Exercise materials START

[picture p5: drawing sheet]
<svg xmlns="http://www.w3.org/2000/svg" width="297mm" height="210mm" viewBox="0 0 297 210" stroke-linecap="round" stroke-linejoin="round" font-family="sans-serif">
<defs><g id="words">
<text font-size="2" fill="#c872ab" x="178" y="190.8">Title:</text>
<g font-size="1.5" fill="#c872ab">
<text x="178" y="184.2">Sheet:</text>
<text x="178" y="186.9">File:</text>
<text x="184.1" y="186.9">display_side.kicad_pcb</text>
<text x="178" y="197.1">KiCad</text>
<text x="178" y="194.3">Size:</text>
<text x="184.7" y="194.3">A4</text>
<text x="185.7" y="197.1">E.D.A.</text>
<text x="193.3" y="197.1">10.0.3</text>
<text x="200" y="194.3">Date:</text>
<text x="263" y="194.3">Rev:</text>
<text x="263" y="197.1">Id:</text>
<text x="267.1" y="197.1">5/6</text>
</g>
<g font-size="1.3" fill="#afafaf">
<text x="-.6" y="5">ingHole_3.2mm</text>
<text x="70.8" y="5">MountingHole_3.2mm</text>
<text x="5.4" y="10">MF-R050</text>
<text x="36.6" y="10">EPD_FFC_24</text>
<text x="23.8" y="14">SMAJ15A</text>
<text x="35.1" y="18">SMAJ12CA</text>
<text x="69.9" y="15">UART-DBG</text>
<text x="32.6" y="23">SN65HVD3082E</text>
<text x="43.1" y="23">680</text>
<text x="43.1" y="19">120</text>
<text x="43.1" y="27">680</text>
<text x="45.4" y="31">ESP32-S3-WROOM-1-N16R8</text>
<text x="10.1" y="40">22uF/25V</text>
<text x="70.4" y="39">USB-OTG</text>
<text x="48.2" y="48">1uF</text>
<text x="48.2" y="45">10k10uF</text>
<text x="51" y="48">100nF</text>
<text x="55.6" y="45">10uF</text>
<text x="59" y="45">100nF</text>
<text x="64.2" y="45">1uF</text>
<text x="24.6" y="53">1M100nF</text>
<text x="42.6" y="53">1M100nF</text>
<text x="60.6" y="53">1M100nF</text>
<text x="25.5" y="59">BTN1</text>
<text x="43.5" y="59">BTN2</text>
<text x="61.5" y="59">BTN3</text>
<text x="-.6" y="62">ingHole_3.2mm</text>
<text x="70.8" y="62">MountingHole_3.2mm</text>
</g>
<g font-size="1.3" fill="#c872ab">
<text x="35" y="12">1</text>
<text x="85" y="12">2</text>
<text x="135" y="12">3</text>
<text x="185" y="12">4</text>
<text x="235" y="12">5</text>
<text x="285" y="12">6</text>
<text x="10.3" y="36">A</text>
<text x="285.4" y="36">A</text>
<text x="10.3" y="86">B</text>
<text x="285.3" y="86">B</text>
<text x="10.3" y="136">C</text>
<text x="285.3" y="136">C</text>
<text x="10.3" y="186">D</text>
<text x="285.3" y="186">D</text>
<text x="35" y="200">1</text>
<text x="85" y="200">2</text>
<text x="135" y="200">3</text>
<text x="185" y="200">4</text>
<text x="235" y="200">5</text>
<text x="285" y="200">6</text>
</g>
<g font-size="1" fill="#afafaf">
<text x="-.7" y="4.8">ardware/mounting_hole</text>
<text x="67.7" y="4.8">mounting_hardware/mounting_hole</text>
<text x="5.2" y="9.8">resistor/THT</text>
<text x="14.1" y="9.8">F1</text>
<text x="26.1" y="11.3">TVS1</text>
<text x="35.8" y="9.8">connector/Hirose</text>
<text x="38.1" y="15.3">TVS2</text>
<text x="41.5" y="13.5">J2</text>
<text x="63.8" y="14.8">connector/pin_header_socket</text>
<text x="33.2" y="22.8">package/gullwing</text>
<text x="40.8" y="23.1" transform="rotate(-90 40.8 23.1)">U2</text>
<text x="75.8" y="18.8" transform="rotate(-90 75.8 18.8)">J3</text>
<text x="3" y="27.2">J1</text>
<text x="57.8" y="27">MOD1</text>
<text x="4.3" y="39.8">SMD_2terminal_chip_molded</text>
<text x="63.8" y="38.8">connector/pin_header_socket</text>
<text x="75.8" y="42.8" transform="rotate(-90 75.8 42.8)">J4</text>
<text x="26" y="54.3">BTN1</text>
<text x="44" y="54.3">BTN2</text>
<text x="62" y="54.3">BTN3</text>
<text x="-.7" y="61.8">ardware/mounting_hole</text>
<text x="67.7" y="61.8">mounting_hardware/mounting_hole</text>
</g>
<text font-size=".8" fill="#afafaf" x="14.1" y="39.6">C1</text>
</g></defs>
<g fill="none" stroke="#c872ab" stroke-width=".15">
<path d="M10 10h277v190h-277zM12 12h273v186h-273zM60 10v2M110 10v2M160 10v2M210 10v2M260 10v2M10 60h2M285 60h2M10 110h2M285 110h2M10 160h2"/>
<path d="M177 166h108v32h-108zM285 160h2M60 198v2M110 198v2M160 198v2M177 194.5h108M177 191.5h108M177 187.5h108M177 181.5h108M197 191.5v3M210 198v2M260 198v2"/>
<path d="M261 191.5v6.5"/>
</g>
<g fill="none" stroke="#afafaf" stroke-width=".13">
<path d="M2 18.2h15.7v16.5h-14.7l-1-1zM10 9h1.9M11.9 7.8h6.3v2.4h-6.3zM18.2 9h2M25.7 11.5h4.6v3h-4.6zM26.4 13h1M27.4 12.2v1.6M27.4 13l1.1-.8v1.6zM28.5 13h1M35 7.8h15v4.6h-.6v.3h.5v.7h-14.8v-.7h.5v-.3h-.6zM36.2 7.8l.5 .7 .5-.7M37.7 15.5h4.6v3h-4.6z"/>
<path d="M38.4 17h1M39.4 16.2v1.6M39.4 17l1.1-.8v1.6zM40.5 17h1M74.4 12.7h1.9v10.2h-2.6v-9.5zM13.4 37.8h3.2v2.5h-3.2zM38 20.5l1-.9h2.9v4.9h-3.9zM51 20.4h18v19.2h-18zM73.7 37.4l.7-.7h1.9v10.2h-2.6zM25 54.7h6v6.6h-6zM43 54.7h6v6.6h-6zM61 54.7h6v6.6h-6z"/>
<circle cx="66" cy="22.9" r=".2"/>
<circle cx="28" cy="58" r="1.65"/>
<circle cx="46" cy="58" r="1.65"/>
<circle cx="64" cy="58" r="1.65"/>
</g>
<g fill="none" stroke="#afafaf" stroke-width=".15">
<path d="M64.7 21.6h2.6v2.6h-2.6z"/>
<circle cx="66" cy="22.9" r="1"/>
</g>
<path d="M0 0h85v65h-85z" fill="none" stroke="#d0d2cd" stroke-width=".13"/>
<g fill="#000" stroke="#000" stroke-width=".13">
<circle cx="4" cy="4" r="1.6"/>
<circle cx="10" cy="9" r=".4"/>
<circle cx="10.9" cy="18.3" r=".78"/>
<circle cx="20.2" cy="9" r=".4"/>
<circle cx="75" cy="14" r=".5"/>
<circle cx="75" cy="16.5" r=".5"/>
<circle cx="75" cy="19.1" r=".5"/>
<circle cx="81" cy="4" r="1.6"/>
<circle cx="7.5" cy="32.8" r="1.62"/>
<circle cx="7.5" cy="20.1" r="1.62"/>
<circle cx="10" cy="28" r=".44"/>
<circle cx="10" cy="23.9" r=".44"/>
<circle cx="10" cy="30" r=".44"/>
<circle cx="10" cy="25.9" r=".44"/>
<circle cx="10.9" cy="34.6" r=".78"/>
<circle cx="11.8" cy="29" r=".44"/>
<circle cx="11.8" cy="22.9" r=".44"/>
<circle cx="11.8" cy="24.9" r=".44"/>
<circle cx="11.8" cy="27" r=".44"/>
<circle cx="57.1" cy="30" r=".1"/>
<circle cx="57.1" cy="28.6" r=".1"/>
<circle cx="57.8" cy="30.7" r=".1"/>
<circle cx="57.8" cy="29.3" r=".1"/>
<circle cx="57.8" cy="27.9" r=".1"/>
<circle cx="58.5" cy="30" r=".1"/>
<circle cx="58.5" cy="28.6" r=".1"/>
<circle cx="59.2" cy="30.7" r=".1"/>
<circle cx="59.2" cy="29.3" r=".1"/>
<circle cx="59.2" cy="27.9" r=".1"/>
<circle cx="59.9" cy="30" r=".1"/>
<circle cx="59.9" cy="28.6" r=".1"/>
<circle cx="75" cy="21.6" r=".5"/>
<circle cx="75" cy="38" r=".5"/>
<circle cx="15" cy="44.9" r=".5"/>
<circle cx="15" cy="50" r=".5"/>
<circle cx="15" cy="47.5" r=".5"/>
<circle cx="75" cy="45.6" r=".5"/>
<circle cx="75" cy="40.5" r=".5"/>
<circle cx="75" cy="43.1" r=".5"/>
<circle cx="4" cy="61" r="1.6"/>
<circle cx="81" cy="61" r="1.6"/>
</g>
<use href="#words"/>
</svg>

Exercise materials END

**Requirement**
Only the number is needed here: how many lines of the records contain "connector"?

**Written response**
3